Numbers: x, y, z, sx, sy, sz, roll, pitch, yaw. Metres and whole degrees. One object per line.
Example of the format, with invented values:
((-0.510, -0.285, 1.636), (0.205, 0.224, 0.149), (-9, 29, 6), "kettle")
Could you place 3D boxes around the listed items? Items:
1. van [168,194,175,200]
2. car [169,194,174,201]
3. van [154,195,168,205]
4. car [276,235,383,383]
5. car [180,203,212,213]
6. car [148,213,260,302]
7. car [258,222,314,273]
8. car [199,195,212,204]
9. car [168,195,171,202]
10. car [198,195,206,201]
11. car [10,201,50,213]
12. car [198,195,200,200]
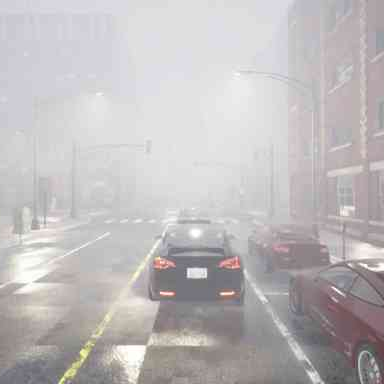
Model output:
((-5.756, 1.375, 93.490), (1.690, 1.788, 3.998), (1, 0, 0), "van")
((-5.745, 1.607, 76.533), (1.802, 1.307, 4.206), (1, 0, 0), "car")
((-5.727, 1.359, 59.576), (1.690, 1.788, 3.998), (1, 0, 0), "van")
((2.663, 1.583, 4.635), (1.802, 1.307, 4.206), (1, 0, 0), "car")
((0.086, 1.552, 17.608), (2.033, 1.411, 5.357), (0, 0, -1), "car")
((0.093, 1.506, 8.336), (2.163, 1.488, 4.792), (0, 0, 0), "car")
((2.829, 1.585, 10.291), (1.802, 1.307, 4.206), (1, 0, 0), "car")
((2.650, 1.543, 59.714), (1.752, 1.417, 4.829), (1, 0, 0), "car")
((-5.735, 1.602, 65.228), (1.802, 1.307, 4.206), (1, 0, 0), "car")
((2.626, 1.596, 87.806), (1.947, 1.339, 4.313), (1, 0, 0), "car")
((-18.744, 1.729, 38.655), (4.313, 1.339, 1.947), (0, -1, 0), "car")
((2.631, 1.572, 82.155), (1.887, 1.381, 4.507), (1, 0, 0), "car")
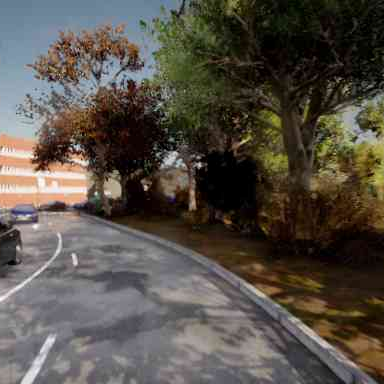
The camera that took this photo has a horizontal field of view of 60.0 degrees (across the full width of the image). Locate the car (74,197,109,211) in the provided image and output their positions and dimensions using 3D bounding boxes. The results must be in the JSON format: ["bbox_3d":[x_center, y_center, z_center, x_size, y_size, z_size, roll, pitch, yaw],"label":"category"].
[{"bbox_3d":[-14.241,1.821,46.456,2.033,1.411,5.357,0,0,17],"label":"car"}]

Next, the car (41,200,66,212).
[{"bbox_3d":[-17.911,1.798,42.741,1.812,1.442,4.674,-1,-1,8],"label":"car"}]

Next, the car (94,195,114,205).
[{"bbox_3d":[-18.006,1.604,64.849,5.566,2.045,2.435,0,0,12],"label":"car"}]

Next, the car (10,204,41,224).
[{"bbox_3d":[-12.941,1.647,25.788,1.812,1.442,4.674,0,-1,-26],"label":"car"}]

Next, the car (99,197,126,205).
[{"bbox_3d":[-16.819,1.864,70.375,5.008,1.535,2.097,0,0,12],"label":"car"}]

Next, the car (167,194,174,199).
[{"bbox_3d":[-5.077,1.533,65.234,5.566,2.045,2.435,0,0,12],"label":"car"}]

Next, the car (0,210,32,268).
[{"bbox_3d":[-6.023,1.527,8.803,1.837,1.490,4.892,0,2,-11],"label":"car"}]

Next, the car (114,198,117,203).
[{"bbox_3d":[-11.484,1.918,58.468,1.895,1.301,4.718,0,0,12],"label":"car"}]

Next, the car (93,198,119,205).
[{"bbox_3d":[-17.398,1.900,67.607,4.674,1.452,2.002,0,0,12],"label":"car"}]
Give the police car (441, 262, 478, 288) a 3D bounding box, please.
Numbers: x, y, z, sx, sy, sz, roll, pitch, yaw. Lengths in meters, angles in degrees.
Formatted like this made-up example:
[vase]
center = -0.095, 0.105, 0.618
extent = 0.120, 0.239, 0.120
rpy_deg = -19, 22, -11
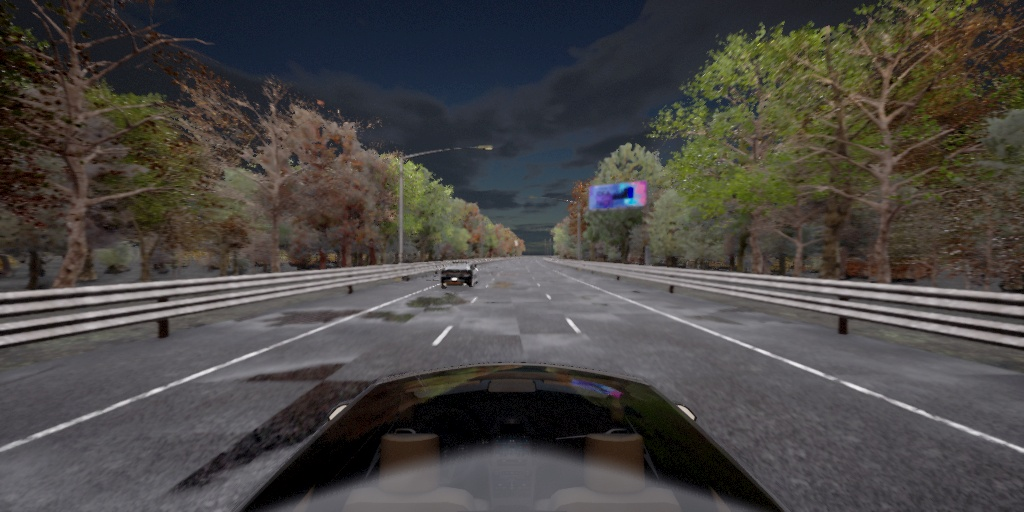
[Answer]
[police car]
center = -3.389, 1.185, 23.882
extent = 1.930, 1.638, 5.238
rpy_deg = 0, 0, 1
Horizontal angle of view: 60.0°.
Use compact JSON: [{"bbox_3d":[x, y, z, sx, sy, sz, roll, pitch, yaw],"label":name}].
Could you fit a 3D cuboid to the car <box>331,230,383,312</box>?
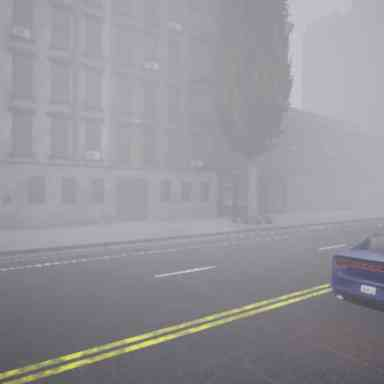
[{"bbox_3d":[4.983,1.487,7.018,5.008,1.535,1.882,0,0,-35],"label":"car"}]
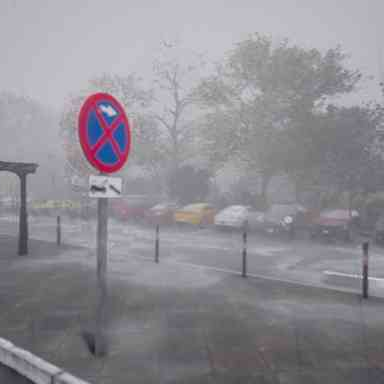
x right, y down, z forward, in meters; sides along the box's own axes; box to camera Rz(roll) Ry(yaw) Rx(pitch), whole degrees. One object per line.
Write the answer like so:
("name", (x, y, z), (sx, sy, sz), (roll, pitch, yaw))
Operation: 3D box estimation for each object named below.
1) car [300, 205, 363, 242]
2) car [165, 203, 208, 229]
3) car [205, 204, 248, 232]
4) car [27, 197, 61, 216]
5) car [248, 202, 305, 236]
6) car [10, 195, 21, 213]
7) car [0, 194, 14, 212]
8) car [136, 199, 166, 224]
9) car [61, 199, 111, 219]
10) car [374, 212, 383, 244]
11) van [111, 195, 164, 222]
("car", (7.595, 1.554, 17.321), (2.097, 1.535, 5.008), (1, 0, 35))
("car", (0.804, 1.480, 22.139), (2.097, 1.535, 5.008), (1, 0, 35))
("car", (3.067, 1.545, 20.533), (2.002, 1.452, 4.674), (1, 0, 35))
("car", (-12.871, 1.334, 31.646), (1.946, 1.575, 5.366), (1, 0, 35))
("car", (5.349, 1.404, 18.951), (2.185, 1.767, 4.553), (1, 0, 35))
("car", (-15.008, 1.343, 33.430), (2.163, 1.488, 4.792), (1, 0, 35))
("car", (-17.282, 1.291, 35.020), (2.231, 1.521, 4.892), (1, 0, 35))
("car", (-1.459, 1.496, 23.751), (2.002, 1.452, 4.674), (1, 0, 35))
("car", (-8.257, 1.414, 28.555), (2.163, 1.488, 4.792), (1, 0, 35))
("car", (9.849, 1.581, 15.703), (2.231, 1.521, 4.892), (1, 0, 35))
("van", (-3.648, 1.206, 25.455), (1.878, 1.987, 4.442), (1, 0, 35))
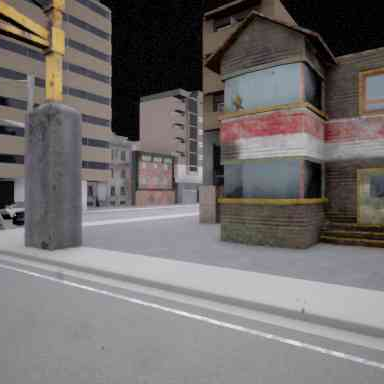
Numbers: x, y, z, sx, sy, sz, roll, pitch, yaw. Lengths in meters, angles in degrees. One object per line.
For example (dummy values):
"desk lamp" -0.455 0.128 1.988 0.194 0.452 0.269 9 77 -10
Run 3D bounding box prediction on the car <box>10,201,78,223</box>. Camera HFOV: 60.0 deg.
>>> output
"car" -10.071 1.295 23.047 1.853 1.218 4.536 0 0 15

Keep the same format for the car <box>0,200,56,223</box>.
"car" -13.287 1.453 25.671 4.974 1.542 2.038 0 0 -30

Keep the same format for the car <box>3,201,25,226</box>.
"car" -10.085 1.453 22.997 2.038 1.542 4.974 0 0 15

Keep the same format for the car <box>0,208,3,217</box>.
"car" -13.242 1.295 25.697 4.536 1.218 1.853 0 0 -30

•••

- EXERCISE AIM
Whenever the word "meters" appears in a line above, copy that line.

- EXPECTED OUTPUT
Numbers: x, y, z, sx, sy, sz, roll, pitch, yaw. Lengths in meters, angles in degrees.
x right, y down, z forward, in meters; sides along the box's own axes; box to camera Rz(roll) Ry(yaw) Rx(pitch), whole degrees. One object per line.
Numbers: x, y, z, sx, sy, sz, roll, pitch, yaw. Lengths in meters, angles in degrees. One object per line.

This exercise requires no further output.